17 On 26 November 2004, the OPC wrote to the solicitors advising that a financial management order had been made and requesting that all relevant documents be forwarded to Mrs A, care of the OPC. On 1 December 2004, the solicitors sent a letter enclosing a copy of the last page of a cancelled Savings Account Passbook and a letter from the Commonwealth Bank dated 25 August 2004. No other documents relating to Mrs A were provided. Over two years later, on 23 January 2007, the OPC wrote to the solicitors again asking for further details about the whereabouts of Mrs A’s possessions and documents. They have no record of a response and no further action has been taken.

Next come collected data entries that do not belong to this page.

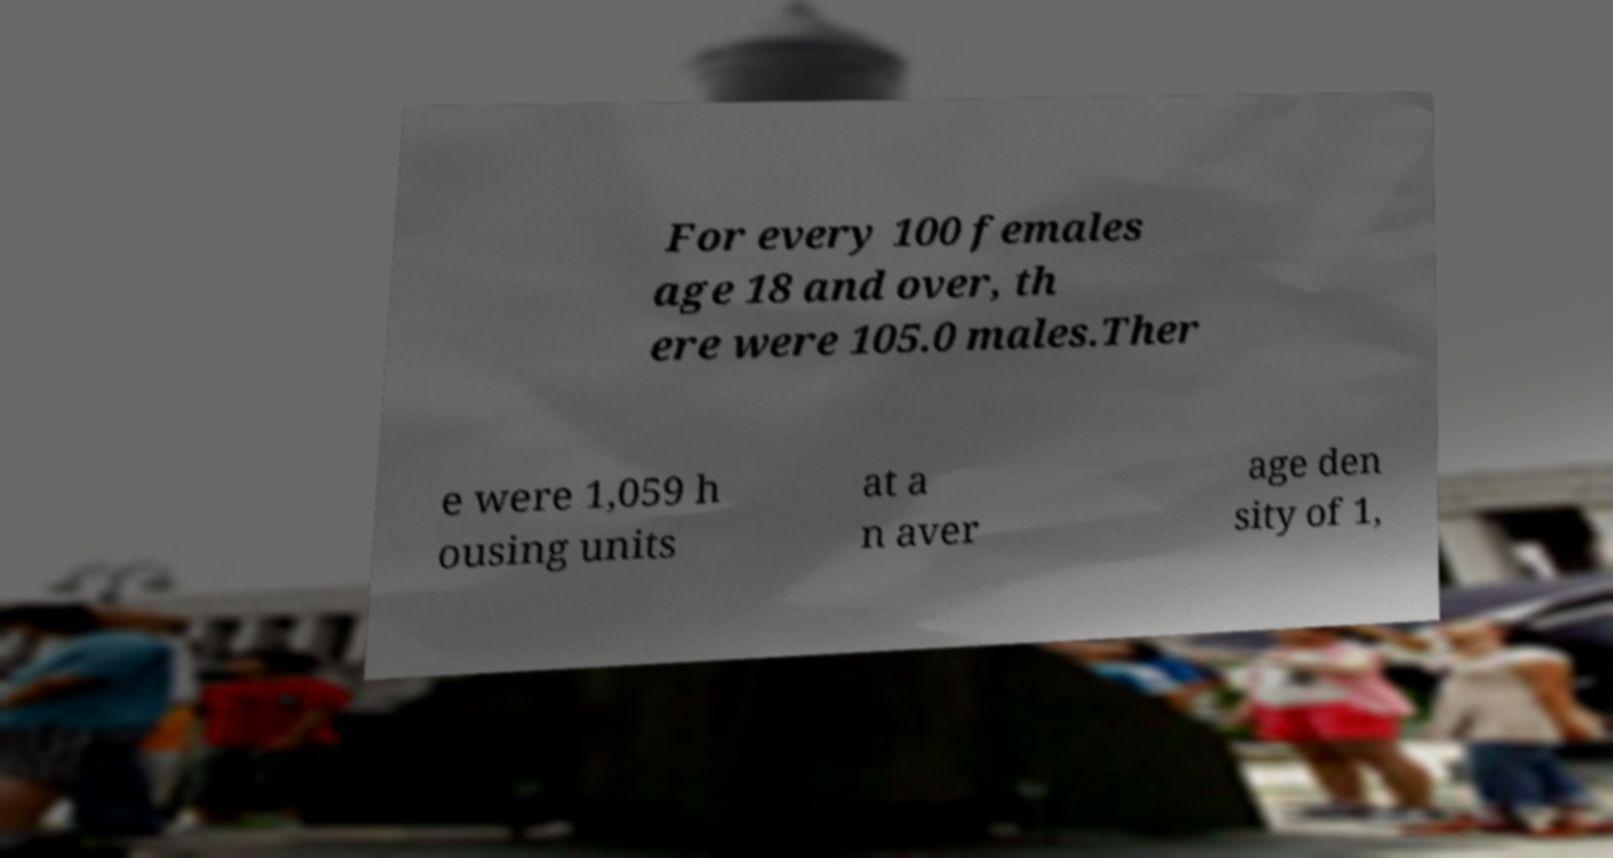For documentation purposes, I need the text within this image transcribed. Could you provide that? For every 100 females age 18 and over, th ere were 105.0 males.Ther e were 1,059 h ousing units at a n aver age den sity of 1, 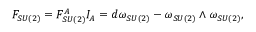Convert formula to latex. <formula><loc_0><loc_0><loc_500><loc_500>F _ { S U ( 2 ) } = F _ { S U ( 2 ) } ^ { A } I _ { A } = d \omega _ { S U ( 2 ) } - \omega _ { S U ( 2 ) } \wedge \omega _ { S U ( 2 ) } ,</formula> 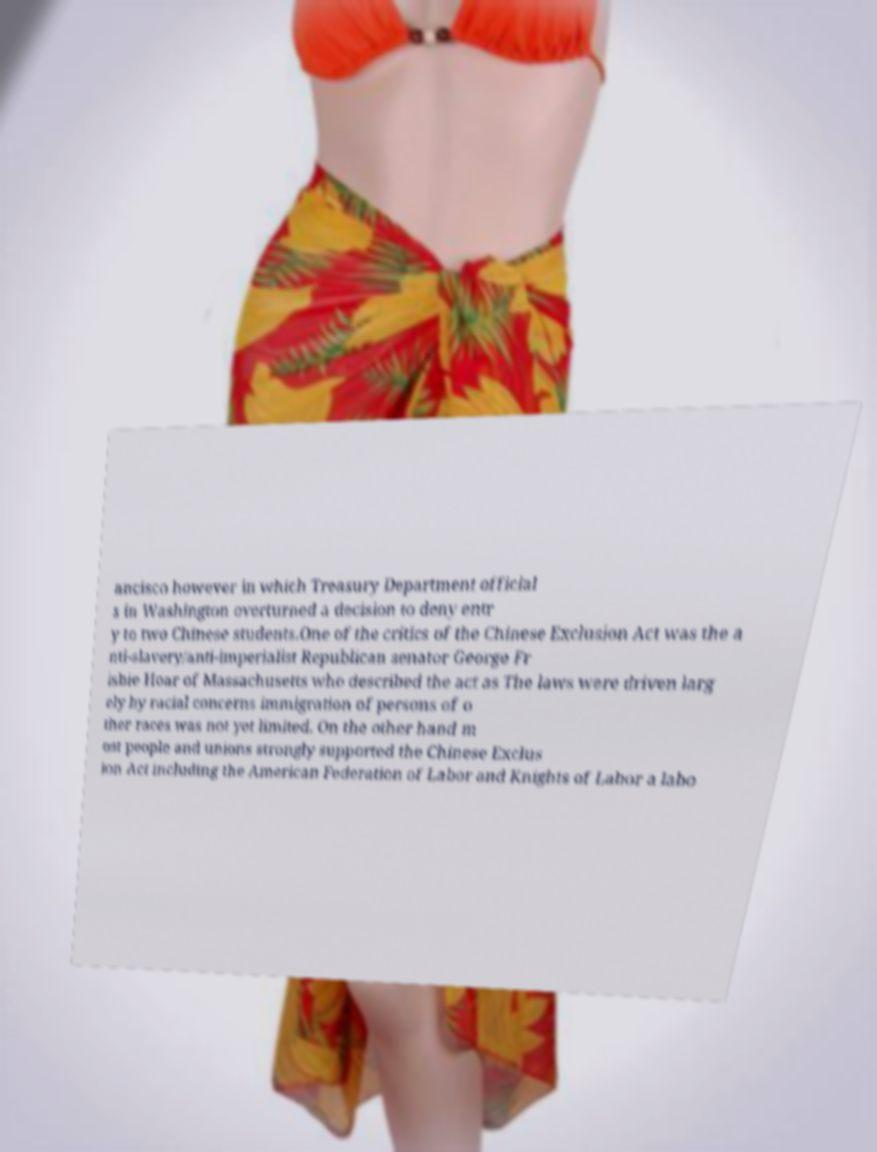There's text embedded in this image that I need extracted. Can you transcribe it verbatim? ancisco however in which Treasury Department official s in Washington overturned a decision to deny entr y to two Chinese students.One of the critics of the Chinese Exclusion Act was the a nti-slavery/anti-imperialist Republican senator George Fr isbie Hoar of Massachusetts who described the act as The laws were driven larg ely by racial concerns immigration of persons of o ther races was not yet limited. On the other hand m ost people and unions strongly supported the Chinese Exclus ion Act including the American Federation of Labor and Knights of Labor a labo 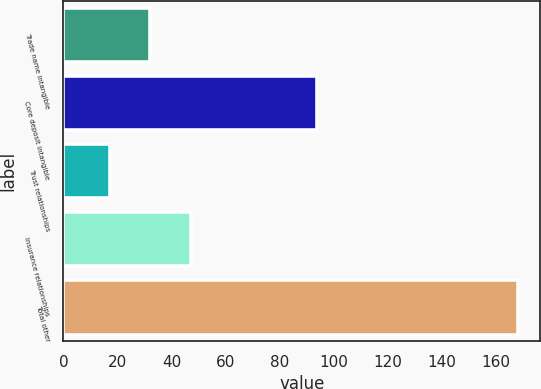Convert chart. <chart><loc_0><loc_0><loc_500><loc_500><bar_chart><fcel>Trade name intangible<fcel>Core deposit intangible<fcel>Trust relationships<fcel>Insurance relationships<fcel>Total other<nl><fcel>32.18<fcel>93.9<fcel>17.1<fcel>47.26<fcel>167.9<nl></chart> 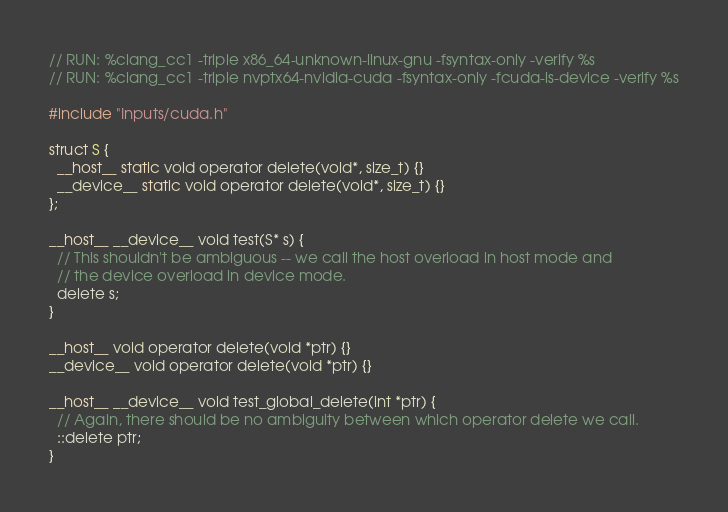Convert code to text. <code><loc_0><loc_0><loc_500><loc_500><_Cuda_>
// RUN: %clang_cc1 -triple x86_64-unknown-linux-gnu -fsyntax-only -verify %s
// RUN: %clang_cc1 -triple nvptx64-nvidia-cuda -fsyntax-only -fcuda-is-device -verify %s

#include "Inputs/cuda.h"

struct S {
  __host__ static void operator delete(void*, size_t) {}
  __device__ static void operator delete(void*, size_t) {}
};

__host__ __device__ void test(S* s) {
  // This shouldn't be ambiguous -- we call the host overload in host mode and
  // the device overload in device mode.
  delete s;
}

__host__ void operator delete(void *ptr) {}
__device__ void operator delete(void *ptr) {}

__host__ __device__ void test_global_delete(int *ptr) {
  // Again, there should be no ambiguity between which operator delete we call.
  ::delete ptr;
}
</code>

18 It appears that there are documents relating to Mrs A to which the OPC is entitled as her financial manager, but which have not been provided by the solicitors for the executors of Mr B’s estate. One of those documents is the cancelled Savings Account Passbook. The OPC is entitled to the documents requested in their letter of 29 November 2004. The solicitors do not appear to have provided those documents, nor, apparently, have they responded to the OPC’s letter of 23 January 2007. The correct decision is for the OPC to take all necessary steps to obtain documents relating to Mrs A to which it is entitled. Given the level of family conflict, it makes sense for the OPC to hold the financial records relating to Mrs A that are currently in the possession of other family members or their solicitors.
19 CU says that other family members have, or should have, personal possessions belonging to Mrs A such as furniture, clothing, manchester and photographs. He says that these items have some monetary as well as sentimental value. Because CU is not talking to his sisters or niece and nephew he does not know what has happened to these possessions and he is concerned that they may have been sold. The sisters have told the OPC that Mrs A only had some old furniture, which has been given or thrown away with their consent. One of the sisters still has a photograph of Mrs A with her late husband. She is willing to give CU a copy of that photograph.
20 CU feels strongly about the fact that his mother’s possessions may have been disposed of without him being consulted, but he has not suggested that these second hand items are worth a great deal of money. While they may have sentimental value for CU, it is not in Mrs A’s financial best interest to pursue this matter. Rather, it would make sense for the family members to resolve this matter (and other matters such as the burial plot) informally, perhaps with the assistance of a community mediator. I am not suggesting that the OPC needs to be involved in that process but they may be able to direct CU and other family members to organisations, which could be of assistance.
Orders
1. The decision of the Protective Commissioner to refuse to give CU an ex gratia payment of $15,000.00 plus interest is affirmed.
2. The decision of the Protective Commissioner to refuse to give Mrs A an ex gratia payment of $150,000.00 to compensate her for funds which were allegedly misappropriated by Mr B, is affirmed.
3. The decision of the Protective Commissioner to take no further action in relation to the burial plot in which Mr B is buried is affirmed.
4. The decision of the Protective Commissioner to take no further action in relation to recovering documents relating to or belonging to Mrs A is set aside. In substitution for that decision a decision is made that the Protective Commissioner take all necessary steps to obtain documents relating to Mrs A to which it is entitled.